烟熏袅袅的陶土色的铜熏炉,正在燃烧着一股使人致惑的香烟。在一旁的楚鹤云也失迷了一般,脸色红润的一步一步的靠近昭信,她很满意的冲着他笑,眼神里面滚出一串勾人的焰火…………
给婉盈盘了一个反绾髻,插上一些不庸俗的头饰,其中金银鎏坠的步摇最为惊艳,额头上配以花钿,衬托的额头丰盈。一身霞红色的曳地罩衫,里面掬着繁复的纹绣,真是一个惊艳的美人啊,有声满意的看着自己的“作品”,“可欣,你的花样还真多,这身行头我都没有见过。”婉盈坐在妆奁前端详着自己,对身后的有声不忘赞叹。
有声抿嘴笑了一下,“这算什么你都有四五个的身孕了,还有此番的模样,这身行头幸好遇到了你,”
“有声,既然你把我装扮的这么漂亮,不如我们出去长安城转转吧,”婉盈说。
有声惊,原来大家闺秀也是一个爱热闹的女人啊,就算是怀孕了,都有出去转溜的心。
“你愣着干什么?”婉盈伸出手在有声眼前晃了一下。有声这才抬起头说,“夫人,你有身孕了,应该多在家里休息,外面人多,怕对你有影响。”有声略有担忧,落云的事情一直是她心头挥之不去的阴影。
婉盈撅着嘴。干脆把头靠在有声的肩上,发嗲的说,“可欣,我好喜欢你,喜欢你的特点,喜欢的你性格,喜欢你的坚强,还有你的机灵,我的夫君日理万机根本就没有时间陪伴我,家里的丫头没有一个是和你一样通晓事理的。”
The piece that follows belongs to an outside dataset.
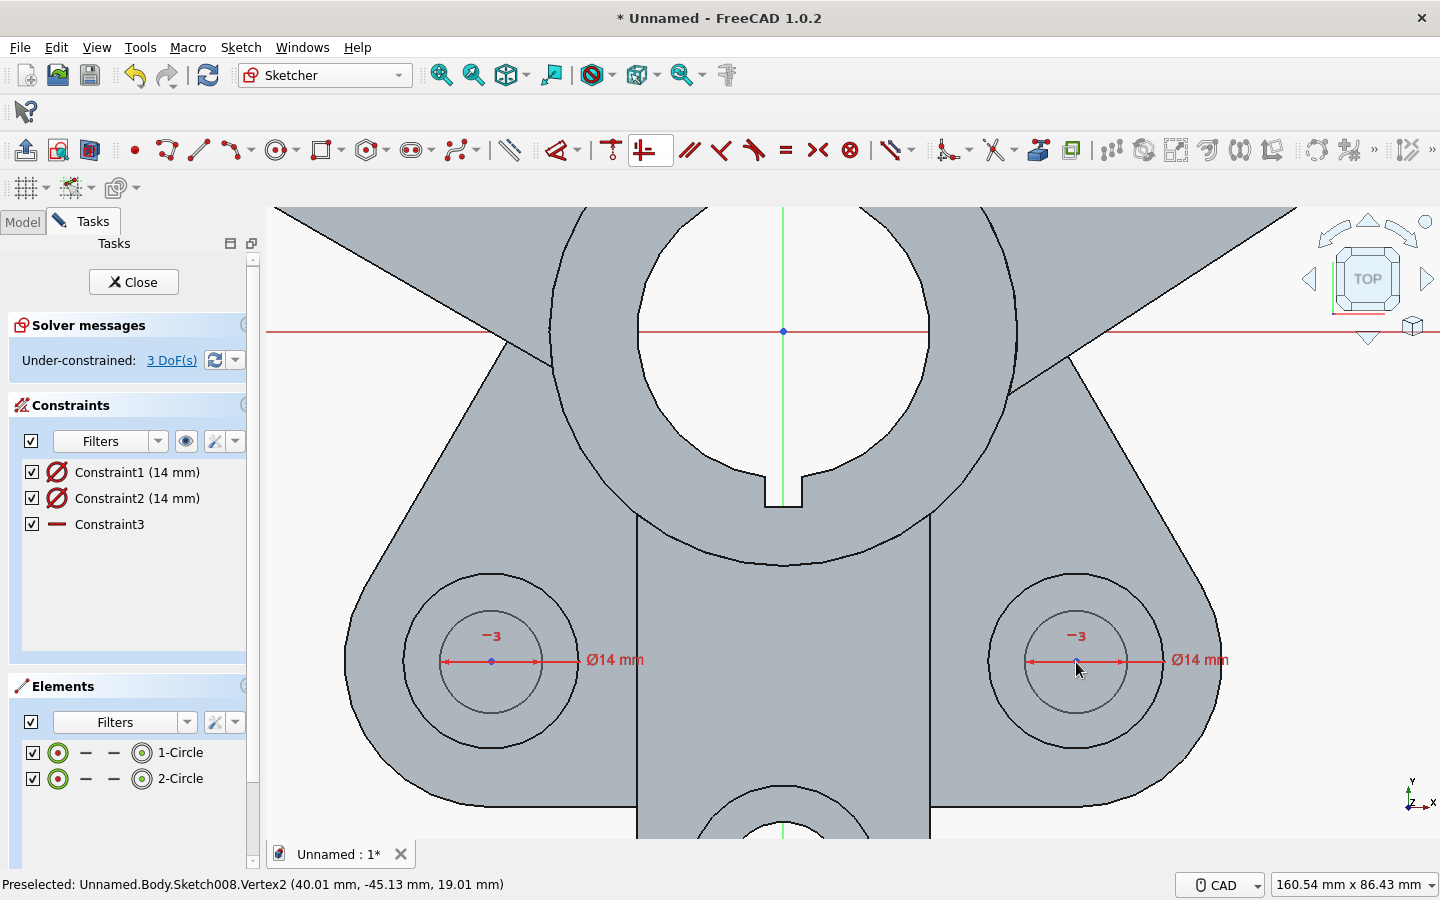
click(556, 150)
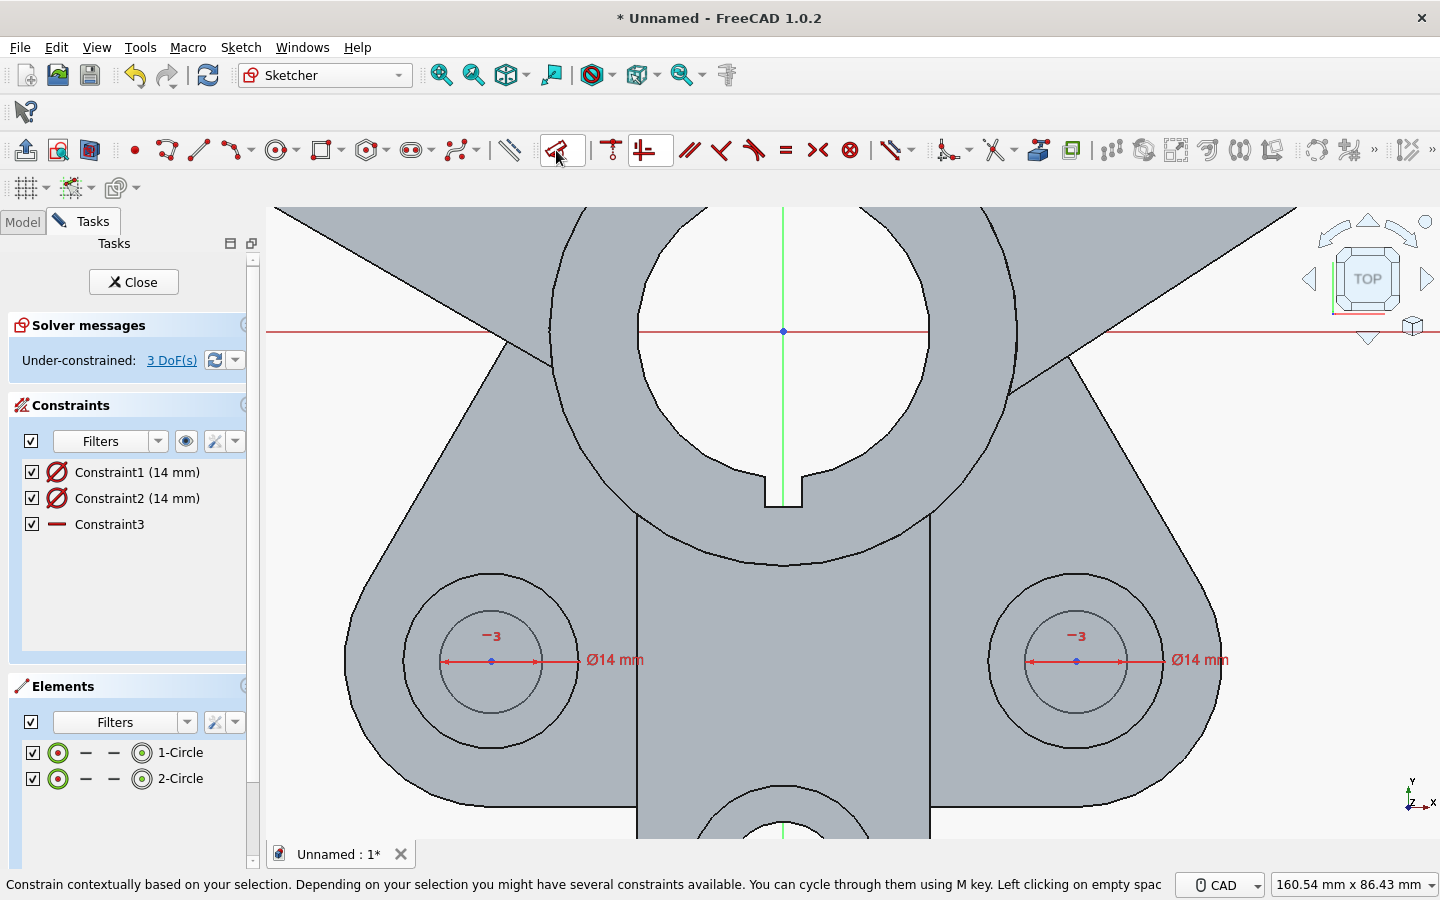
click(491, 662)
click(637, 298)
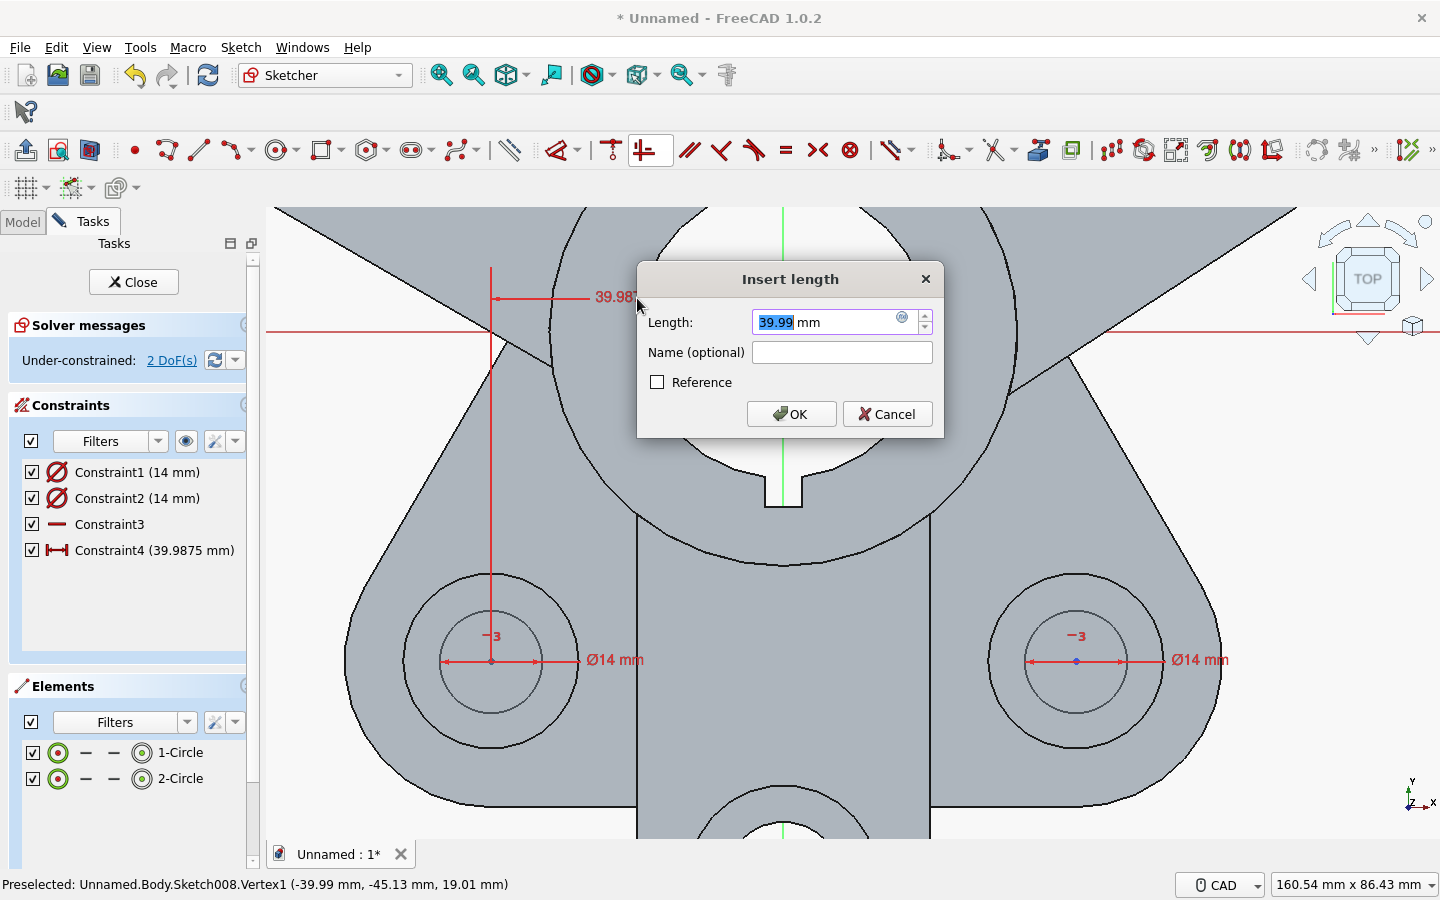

有声感觉小米丰收了,这女子初次见面只觉得温婉可人,熟悉了之却是如此的粘人,待她如姐妹。自从盛宴过后,婉盈对有声就时时上心,经常邀约有声到她的住处留住,游玩,亲密无间。事情的前提是婉盈不知道有声的过去,只是把有声当做了“可欣”,而刘府的人当着婉盈的面尽量也叫可欣,只是人极少的时候才叫“有声”。
而恰巧就因为这件事情,除了陈叔之外,几乎更换了刘家所有的下人。
“夫人,你是不是基佬啊?”有声看着靠在肩上的婉盈,无端之下冒出这一句话。
“基佬?”婉盈的眼睛睁的很大,很疑惑这个词汇。
有声吞咽了一下,说,“基佬是我家乡的老话,你知道的五湖四海这么大,处处的风俗都不一样,”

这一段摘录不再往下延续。